Thursday, February 7, 2008

Suspicions Grow on Undersea Cable Breaks

The series of breaks last week in undersea cables carrying much of India's Internet traffic to Europe and points West has been the subject of much speculation because of a report from the Egyptian government that its camera surveillance showed no ship traffic in the problem area. That would exclude the possibility that the breaks were caused accidentally by a ship dragging its anchor, and point to sabotage as the likely cause.

"There's a growing uneasiness in the global Internet community" wrote tech blogger Mark Wedland at "While no evidence of sabotage has been forthcoming, the four breaks seem to many observers to stretch the bounds of coincidence."

Colonel R.S. Parihar, the secretary of the Internet Service Providers Association of India told the International Herald Tribune that the incidents have been a wake-up call to the global telecommunications industry. The cables were "owned by private operators, and there are no governments or armies protecting these cables," he said.

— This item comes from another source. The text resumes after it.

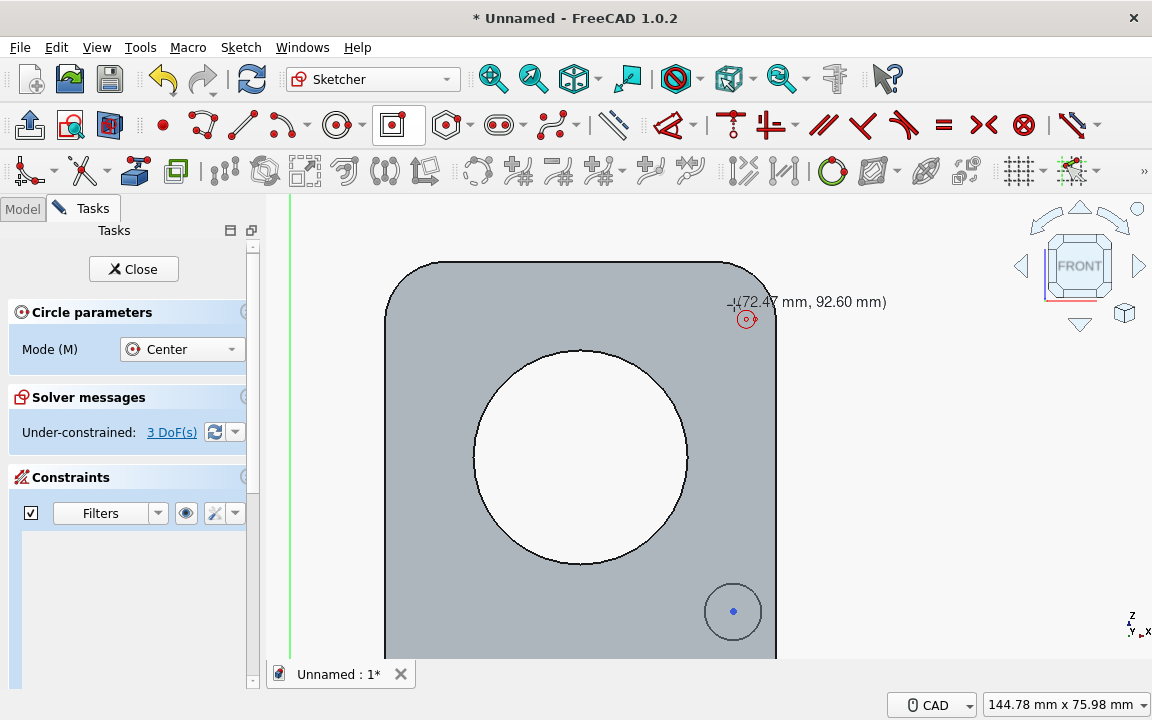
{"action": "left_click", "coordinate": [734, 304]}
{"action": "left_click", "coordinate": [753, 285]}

The breaks have not had a major impact on India's largest outsourcing companies because they use satellite channels or have backup cable routes running overland, but some 85 million internet users in South Asia and the Middle East experienced slow connections. The countries most affected are India, Pakistan, Bahrain, Saudi Arabia, Iran, Kuwait, Qatar, Sudan, Egypt and the United Arab Emirates

Two of the severed lines are owned by Indian companies, and they have people working with the crew of an Egyptian repair ship off Alexandria. Repairs are expected to take about a week.